### Data for processing ###

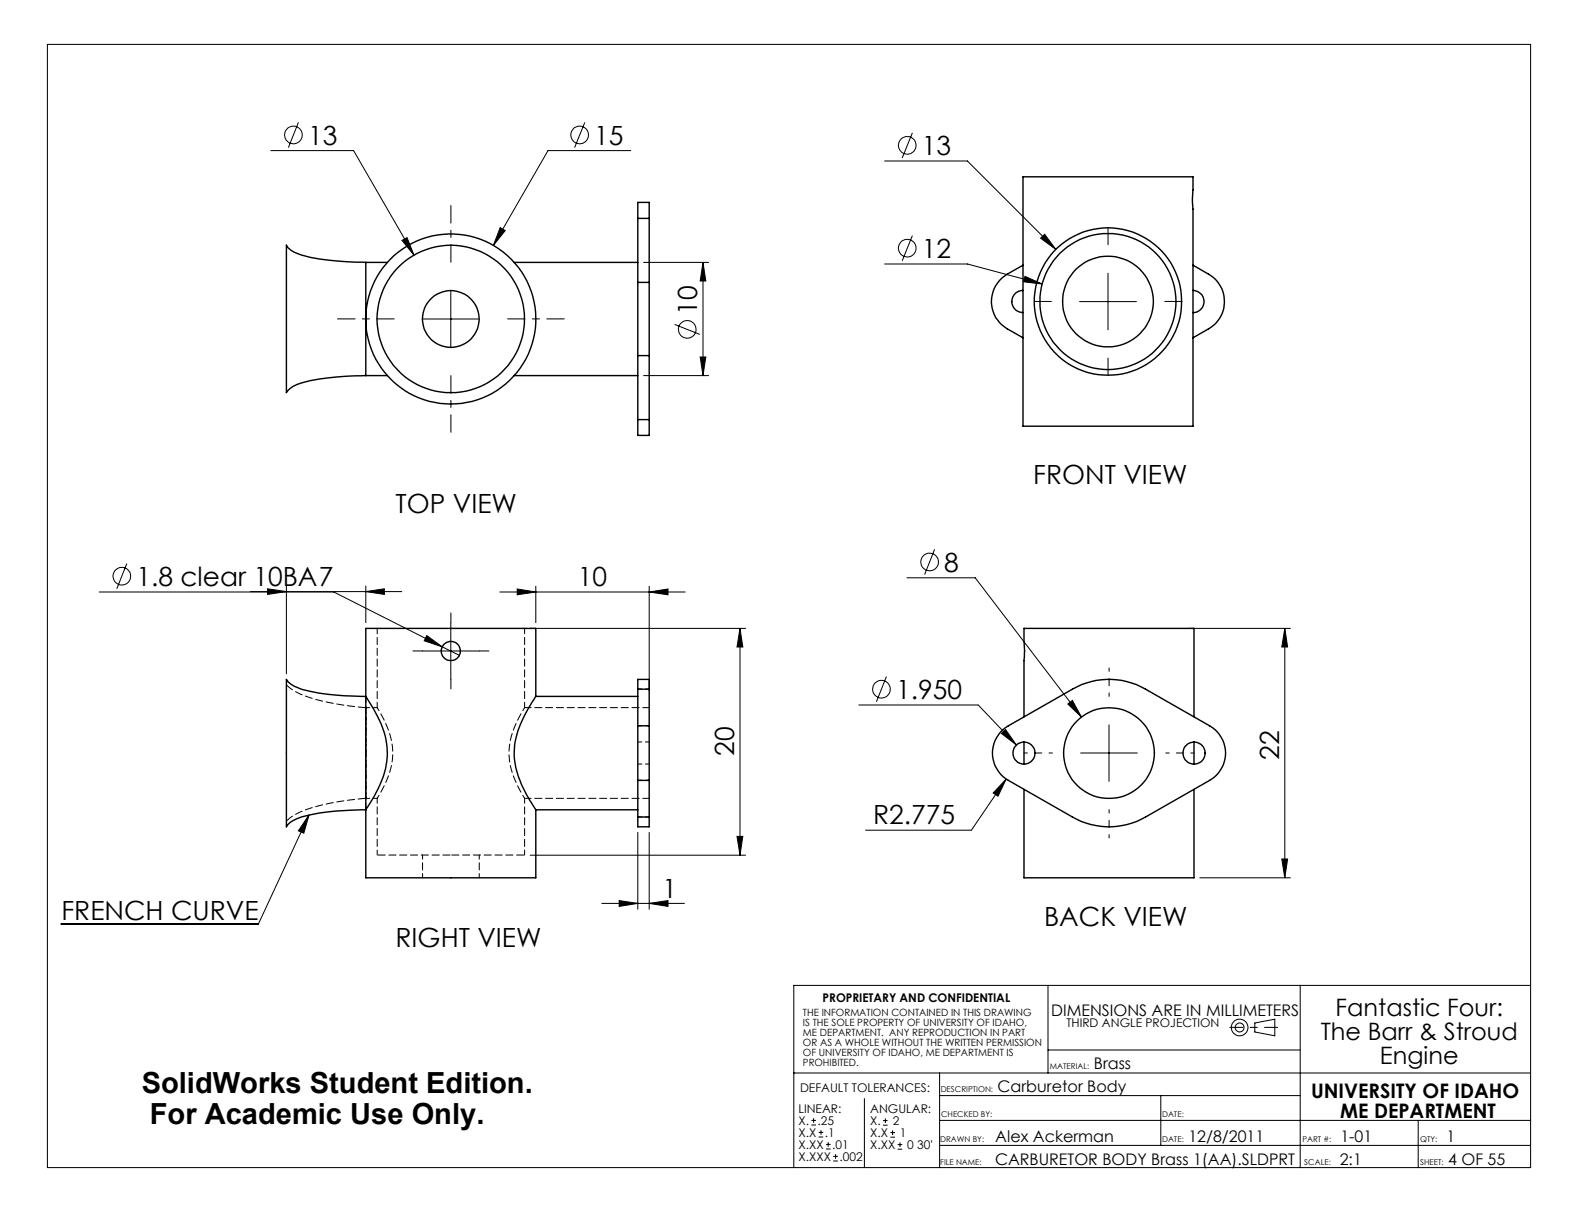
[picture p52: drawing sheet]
<svg xmlns="http://www.w3.org/2000/svg" width="279mm" height="216mm" viewBox="0 0 279 216" stroke-linecap="round" stroke-linejoin="round" font-family="sans-serif">
<defs><g id="words">
<g font-size="5.1">
<text x="25" y="192.7">SolidWorks Student Edition.</text>
<text x="26.4" y="198.3">For Academic Use Only.</text>
</g>
<g font-size="4.7">
<text x="54.3" y="25.5">13</text>
<text x="104.8" y="25.5">15</text>
<text x="162.6" y="27.3">13</text>
<text x="162.6" y="45.5">12</text>
<text x="123" y="55.5" transform="rotate(-90 123 55.5)">10</text>
<text x="182.3" y="85.3">FRONT VIEW</text>
<text x="69.8" y="90.5">TOP VIEW</text>
<text x="166.6" y="100.8">8</text>
<text x="24.1" y="103.3">1.8 clear 10BA7</text>
<text x="101.9" y="103.4">10</text>
<text x="158.1" y="123.3">1.950</text>
<text x="129.5" y="133.3" transform="rotate(-90 129.5 133.3)">20</text>
<text x="225.6" y="134.1" transform="rotate(-90 225.6 134.1)">22</text>
<text x="154" y="145.4">R2.775</text>
<text x="116.9" y="158.3">1</text>
<text x="10.8" y="162.3">FRENCH CURVE</text>
<text x="69.8" y="167">RIGHT VIEW</text>
<text x="184.2" y="163.4">BACK VIEW</text>
</g>
<g font-size="4.2">
<text x="235.6" y="179.2">Fantastic Four:</text>
<text x="233" y="183.5">The Barr &amp; Stroud</text>
<text x="243.4" y="187.7">Engine</text>
</g>
<g font-size="3.5">
<text x="231.3" y="193.6">UNIVERSITY OF IDAHO</text>
<text x="236.4" y="197.1">ME DEPARTMENT</text>
</g>
<g font-size="2.8">
<text x="185.4" y="179.2">DIMENSIONS ARE IN MILLIMETERS</text>
<text x="192.9" y="188.5">Brass</text>
<text x="176" y="192.7">Carburetor Body</text>
<text x="175.6" y="201.5">Alex Ackerman</text>
<text x="209.6" y="201.5">12/8/2011</text>
<text x="236.4" y="201.5">1-01</text>
<text x="255.1" y="201.5">1</text>
<text x="175.5" y="205.4">CARBURETOR BODY Brass 1(AA).SLDPRT</text>
<text x="236.3" y="205.4">2:1</text>
<text x="255.5" y="205.4">4 OF 55</text>
</g>
<g font-size="2.1">
<text x="145.1" y="176.8">PROPRIETARY AND CONFIDENTIAL</text>
<text x="188.1" y="181.2">THIRD ANGLE PROJECTION</text>
<text x="140.8" y="196.3">LINEAR:</text>
<text x="141.1" y="192.7">DEFAULT TOLERANCES:</text>
<text x="153.5" y="196.3">ANGULAR:</text>
<text x="140.8" y="200.5">X.X</text>
<text x="140.8" y="202.7">X.XX</text>
<text x="140.8" y="198.4">X.</text>
<text x="144.2" y="198.4">.25</text>
<text x="145.5" y="200.5">.1</text>
<text x="146.8" y="202.7">.01</text>
<text x="153.5" y="200.6">X.X</text>
<text x="153.5" y="202.7">X.XX</text>
<text x="153.5" y="198.5">X.</text>
<text x="157.5" y="198.5">2</text>
<text x="158.7" y="200.6">1</text>
<text x="160" y="202.7">0 30'</text>
<text x="140.8" y="204.8">X.XXX</text>
<text x="148.1" y="204.8">.002</text>
</g>
<g font-size="1.8">
<text x="141.6" y="179.2">THE INFORMATION CONTAINED IN THIS DRAWING</text>
<text x="141.6" y="181">IS THE SOLE PROPERTY OF UNIVERSITY OF IDAHO,</text>
<text x="141.6" y="182.8">ME DEPARTMENT. ANY REPRODUCTION IN PART</text>
<text x="141.6" y="184.5">OR AS A WHOLE WITHOUT THE WRITTEN PERMISSION</text>
<text x="141.6" y="186.3">OF UNIVERSITY OF IDAHO, ME DEPARTMENT IS</text>
<text x="141.6" y="188.1">PROHIBITED.</text>
</g>
<g font-size="1.4">
<text x="185.2" y="188.5">MATERIAL:</text>
<text x="165.9" y="192.7">DESCRIPTION:</text>
<text x="166" y="197.1">CHECKED BY:</text>
<text x="205" y="197.1">DATE:</text>
<text x="165.8" y="201.5">DRAWN BY:</text>
<text x="205" y="201.5">DATE:</text>
<text x="229.7" y="201.5">PART #:</text>
<text x="250.5" y="201.5">QTY:</text>
<text x="165.8" y="205.4">FILE NAME:</text>
<text x="230.1" y="205.4">SCALE:</text>
<text x="250.5" y="205.4">SHEET:</text>
</g>
</g></defs>
<g fill="none" stroke="#000" stroke-width=".18">
<path d="M8.4 7.8h261.6v198.2h-261.6zM47.8 26.6h14.6l10.6 18.4M52.6 21.6l-1.7 4.4M103.2 21.6l-1.8 4.4M111.3 26.6h-14.6l-9.7 16.7M156 28.4h14.6l15.6 15.6M160.9 23.4l-1.8 4.5M70.9 42.4l.9-.5 1.2 3.1zM74.5 56.3h10M79.5 51.3v10M88.2 40.1l.9 .6-2.1 2.6zM113.5 46.3h11.5"/>
<path d="M119 57.2l4.4 1.8M124 46.3l.5 3.3h-1zM124 46.3v20M156 46.6h14.6l13.2 3.5M160.9 41.6l-1.8 4.4M180.8 48.8l3 1.3-3.3-.4zM183.6 42l.7-.7 1.9 2.7zM190.4 53.2h10M195.4 48.2v10M113.5 66.3h11.5M123.5 63h1l-.5 3.3zM22.4 99.4l-1.8 4.5"/>
<path d="M164.9 96.9l-1.8 4.5M17.5 104.4h41.4l19.1 9.7M44.2 104.4h26.7M47.2 103.9l3.3 .5-3.3 .4zM50.5 103.4v15.5M64.5 104.4l3.3-.5v.9zM64.5 103.4v6.4M74.5 114.8h10M75.3 112.1l2.7 2-3.2-1.1zM78 114.1l3 1.5M79.5 109.8v10M88.2 104.4h32.7"/>
<path d="M91.2 103.9l3.3 .5-3.3 .5zM93.5 110.8h38M94.5 103.4v6.4M114.5 104.4l3.3-.5v1zM114.5 103.4v18.4M130.5 110.8l.5 3.3h-1zM130.5 110.8v40M156.4 119.3l-1.8 4.5M160 101.9h12l18.7 24.6M209.6 110.8h18M226.6 110.8l.5 3.3h-1zM226.6 110.8v44"/>
<path d="M151.5 124.4h21l6.8 7M176.6 129.4l.8-.7 1.9 2.7zM177.5 137.4l-6.2 9h-18.6M177.5 137.4l-1.5 3-.8-.5zM188.3 124.2l.9-.7 1.5 3zM190.6 132.8h10M195.6 127.8v10M54.5 143.8l-.9 3.2-1-.5zM54.5 143.8l-8.9 19.2h-34.8M93.5 150.8h38M106.2 159.3h14.5M109.2 158.9l3.3 .4-3.3 .6z"/>
<path d="M112.5 146.8v13.6M114.5 159.3l3.3-.4v1zM114.5 146.8v13.6M130 147.5h1l-.5 3.3zM211.6 154.8h16M226.1 151.5h1l-.5 3.3zM184.9 173.8v15.5M229.3 173.8v32.2M270 173.8h-130v32.2M140 189.3h130M143.1 198.4h.8M143.1 197.6h.8"/>
<path d="M143.5 197.2v.8M144.4 199.7h.8M144.8 199.4v.8M152.5 193.8v12.2M155.8 197.7h.8M155.8 198.5h.8M156.2 197.3v.8M157.1 199.8h.8M157.4 199.4v.8M165.7 197.6h104.3M165.7 193.3h63.6M165.7 189.3v16.7"/>
<path d="M184.9 185.2h44.4M204.8 193.3v8.7M221.3 180.4l3.6-.6v2.9l-3.6-.7zM250.2 197.6v8.4M144.4 200.6h.8M145.7 202.7h.8M145.7 201.9h.8M146.1 201.5v.8M147 204.8h.8M147 204h.8M147.4 203.6v.8M157.1 200.6h.8"/>
<path d="M158.3 201.9h.8M158.3 202.7h.8M158.7 201.5v.8M165.7 202h104.3"/>
<circle cx="51.8" cy="23.8" r="1.55"/>
<circle cx="102.2" cy="23.8" r="1.55"/>
<circle cx="160" cy="25.6" r="1.55"/>
<circle cx="121.2" cy="58.1" r="1.56"/>
<circle cx="160" cy="43.8" r="1.55"/>
<circle cx="164" cy="99.1" r="1.55"/>
<circle cx="21.5" cy="101.6" r="1.55"/>
<circle cx="155.5" cy="121.6" r="1.55"/>
<circle cx="218.6" cy="181.2" r=".78"/>
<circle cx="218.7" cy="181.2" r="1.47"/>
</g>
<path d="M185.4 53.2h-3M195.4 43.2v-3M205.4 53.2h3M195.4 63.2v3M74.5 114.8h-1.7M79.5 109.8v-1.7M79.5 119.8v1.7M84.5 114.8h1.7" fill="none" stroke="#000" stroke-width=".18" stroke-dasharray="15.2 1.3 1.3 1.3"/>
<path d="M185.6 132.8h-5M195.6 122.8v-5M205.6 132.8h5M195.6 142.8v5" fill="none" stroke="#000" stroke-width=".18" stroke-dasharray="15.2 1.3 1.3 1.3" stroke-dashoffset="14.6"/>
<path d="M69.5 56.2h-10M79.5 46.2v-10M89.5 56.2h10M79.5 66.2v10" fill="none" stroke="#000" stroke-width=".18" stroke-dasharray="15.2 1.3 1.3 1.3" stroke-dashoffset="12.1"/>
<path d="M216.9 181.2h8.5" fill="none" stroke="#000" stroke-width=".18" stroke-dasharray="15.2 1.3 1.3 1.3" stroke-dashoffset="12.9"/>
<g fill="#000">
<path d="M64.5 104.4l3.3-.5v.9zM47.2 103.9l3.3 .5-3.3 .4z"/>
<path d="M91.2 103.9l3.3 .5-3.3 .5zM114.5 104.4l3.3-.5v1zM75.3 112.1l-.5 .9 3.2 1.1zM109.2 158.9l3.3 .4-3.3 .6zM114.5 159.3l3.3-.4v1zM88.2 40.1l-1.2 3.2 2.1-2.6zM70.9 42.4l2.1 2.6-1.2-3.1zM188.3 124.2l2.4 2.3-1.5-3zM183.6 42l2.6 2-1.9-2.7zM180.8 48.8l-.3 .9 3.3 .4z"/>
<path d="M130.5 110.8l.5 3.3h-1zM130 147.5h1l-.5 3.3zM124 46.3l.5 3.3h-1zM123.5 63h1l-.5 3.3zM226.6 110.8l.5 3.3h-1zM226.1 151.5h1l-.5 3.3z"/>
<path d="M54.5 143.8l-.9 3.2-1-.5zM176.6 129.4l.8-.7 1.9 2.7zM177.5 137.4l-1.5 3-.8-.5z"/>
</g>
<g fill="none" stroke="#000" stroke-width=".25">
<path d="M112.5 38.5v-2.8h2v2.8M112.5 38.5v11.3M112.5 38.5h2M114.5 38.5v11.3M180.4 31.2h30l-.1 3.8 .1 1.8v38.4h-30zM64.5 46.3l-.3-.1a47.1 47.1 0 0 1-10.9-1.2 4.6 4.6 0 0 1-2.8-1.7v26a4.3 4.3 0 0 1 2.8-1.8 49.5 49.5 0 0 1 11.2-1.2M64.5 46.3v20M64.5 46.3h3.8M90.7 46.3h21.8M112.5 49.8v12.9M112.5 49.8h2M114.5 49.8v12.9"/>
<path d="M180.4 46.8l-2.7 1.6a5.6 5.6 0 0 0 0 9.6l2.7 1.6M180.4 51.2a1.96 1.96 0 0 0-1.9 2 1.96 1.96 0 0 0 1.9 1.9M210.4 51.2a1.96 1.96 0 0 1 2 2 1.96 1.96 0 0 1-2 1.9M210.4 46.8l2.8 1.6a5.6 5.6 0 0 1 0 9.6l-2.8 1.6M64.5 66.3h3.8M90.7 66.3h21.8M112.5 74v2.8h2v-2.8M112.5 62.7v11.3M112.5 62.7h2M112.5 74h2M114.5 62.7v11.3M64.5 122.8h-.5a47 47 0 0 1-10.7-1.2 5.1 5.1 0 0 1-2.8-1.8v26a4.1 4.1 0 0 1 2.8-1.7 51.6 51.6 0 0 1 11.2-1.3"/>
<path d="M64.5 122.8v-12h30v12M64.5 122.8l.3 .4a19.9 19.9 0 0 1 3.5 8.5 16.2 16.2 0 0 1-2.8 9.5l-1 1.6M64.5 122.8v20M94.5 122.8a25.2 25.2 0 0 0-3.6 8 14.6 14.6 0 0 0 2.3 9.9l1.3 2.1M94.5 122.8h18M112.5 128v9.7M112.5 121.6v-1.8h2v1.8M112.5 137.7h2M112.5 128h2M112.5 121.6h2M112.5 121.6v6.4M112.5 137.7v6.4"/>
<path d="M114.5 128v9.7M114.5 121.6v6.4M114.5 137.7v6.4M176.5 129.1l1.4-1.1 11.3-6.4a12.9 12.9 0 0 1 12.9 0l11.3 6.4a5.5 5.5 0 0 1 0 9.7l-11.3 6.4a12.9 12.9 0 0 1-12.9 0l-11.3-6.4a5.6 5.6 0 0 1-1.4-8.6zM180.6 139.2v15.6h30v-15.6M180.6 126.4v-9.9l.1-1.7-.1-4h30v15.6M180.6 130.9v3.9M210.6 130.9v3.9M64.5 142.8v12h30v-12M94.5 142.8h18M112.5 144.1v1.7h2v-1.7M112.5 144.1h2"/>
<circle cx="79.5" cy="56.3" r="5"/>
<circle cx="79.5" cy="56.3" r="15"/>
<circle cx="79.5" cy="56.3" r="13"/>
<circle cx="195.4" cy="53.2" r="13"/>
<circle cx="195.4" cy="53.2" r="8"/>
<circle cx="195.4" cy="53.2" r="12"/>
<circle cx="79.5" cy="114.8" r="1.7"/>
<circle cx="180.6" cy="132.9" r="1.95"/>
<circle cx="195.6" cy="132.8" r="8"/>
<circle cx="210.6" cy="132.8" r="1.95"/>
</g>
<path d="M64.5 142.8v-20" fill="none" stroke="#000" stroke-width=".18" stroke-dasharray="1.3 .6" stroke-dashoffset=".2"/>
<path d="M64.5 132.8v-8v16v-8M64.5 124.8h-.3a42.8 42.8 0 0 1-11.2-2.4l-1.8-1-.7-.6M50.5 144.8a12.6 12.6 0 0 1 6.1-2.8 52.7 52.7 0 0 1 7.9-1.2M66.5 150.8h13M79.5 150.8h13" fill="none" stroke="#000" stroke-width=".18" stroke-dasharray="1.3 .6" stroke-dashoffset="-.1"/>
<path d="M66.5 124.8h-2M92.5 124.8a16.7 16.7 0 0 0-2.7 7.9 16.7 16.7 0 0 0 2.7 8.1M112.5 121.5h2M112.5 137.6h2M112.5 128h2M112.5 134.8h2M114.5 130.9h-2M64.5 140.8h2M66.5 140.8l.1-.1a14.9 14.9 0 0 0 2.6-8.8 18.7 18.7 0 0 0-2.7-7.1M112.5 144.1h2" fill="none" stroke="#000" stroke-width=".18" stroke-dasharray="1.3 .6" stroke-dashoffset=".6"/>
<path d="M66.5 140.8v10M92.5 150.8v-10" fill="none" stroke="#000" stroke-width=".18" stroke-dasharray="1.3 .6" stroke-dashoffset=".4"/>
<path d="M66.5 110.8v14M92.5 124.8v-14" fill="none" stroke="#000" stroke-width=".18" stroke-dasharray="1.3 .6" stroke-dashoffset=".3"/>
<path d="M114.5 124.8h-22M92.5 140.8h22" fill="none" stroke="#000" stroke-width=".18" stroke-dasharray="1.3 .6" stroke-dashoffset=".1"/>
<path d="M74.5 150.8v4M84.5 154.8v-4" fill="none" stroke="#000" stroke-width=".18" stroke-dasharray="1.3 .6" stroke-dashoffset=".5"/>
<use href="#words"/>
</svg>

###

▶ [Work item]:
Starting at the line that has "110.8l.5 3.3h-1zM130 147.5h1l-.5" in the records above, restate word for word every line until the one that has "122.8v-12h30v12M64.5 122.8l.3 .4a19.9", and include that one as well.

▶ [Solution to this task]:
<path d="M130.5 110.8l.5 3.3h-1zM130 147.5h1l-.5 3.3zM124 46.3l.5 3.3h-1zM123.5 63h1l-.5 3.3zM226.6 110.8l.5 3.3h-1zM226.1 151.5h1l-.5 3.3z"/>
<path d="M54.5 143.8l-.9 3.2-1-.5zM176.6 129.4l.8-.7 1.9 2.7zM177.5 137.4l-1.5 3-.8-.5z"/>
</g>
<g fill="none" stroke="#000" stroke-width=".25">
<path d="M112.5 38.5v-2.8h2v2.8M112.5 38.5v11.3M112.5 38.5h2M114.5 38.5v11.3M180.4 31.2h30l-.1 3.8 .1 1.8v38.4h-30zM64.5 46.3l-.3-.1a47.1 47.1 0 0 1-10.9-1.2 4.6 4.6 0 0 1-2.8-1.7v26a4.3 4.3 0 0 1 2.8-1.8 49.5 49.5 0 0 1 11.2-1.2M64.5 46.3v20M64.5 46.3h3.8M90.7 46.3h21.8M112.5 49.8v12.9M112.5 49.8h2M114.5 49.8v12.9"/>
<path d="M180.4 46.8l-2.7 1.6a5.6 5.6 0 0 0 0 9.6l2.7 1.6M180.4 51.2a1.96 1.96 0 0 0-1.9 2 1.96 1.96 0 0 0 1.9 1.9M210.4 51.2a1.96 1.96 0 0 1 2 2 1.96 1.96 0 0 1-2 1.9M210.4 46.8l2.8 1.6a5.6 5.6 0 0 1 0 9.6l-2.8 1.6M64.5 66.3h3.8M90.7 66.3h21.8M112.5 74v2.8h2v-2.8M112.5 62.7v11.3M112.5 62.7h2M112.5 74h2M114.5 62.7v11.3M64.5 122.8h-.5a47 47 0 0 1-10.7-1.2 5.1 5.1 0 0 1-2.8-1.8v26a4.1 4.1 0 0 1 2.8-1.7 51.6 51.6 0 0 1 11.2-1.3"/>
<path d="M64.5 122.8v-12h30v12M64.5 122.8l.3 .4a19.9 19.9 0 0 1 3.5 8.5 16.2 16.2 0 0 1-2.8 9.5l-1 1.6M64.5 122.8v20M94.5 122.8a25.2 25.2 0 0 0-3.6 8 14.6 14.6 0 0 0 2.3 9.9l1.3 2.1M94.5 122.8h18M112.5 128v9.7M112.5 121.6v-1.8h2v1.8M112.5 137.7h2M112.5 128h2M112.5 121.6h2M112.5 121.6v6.4M112.5 137.7v6.4"/>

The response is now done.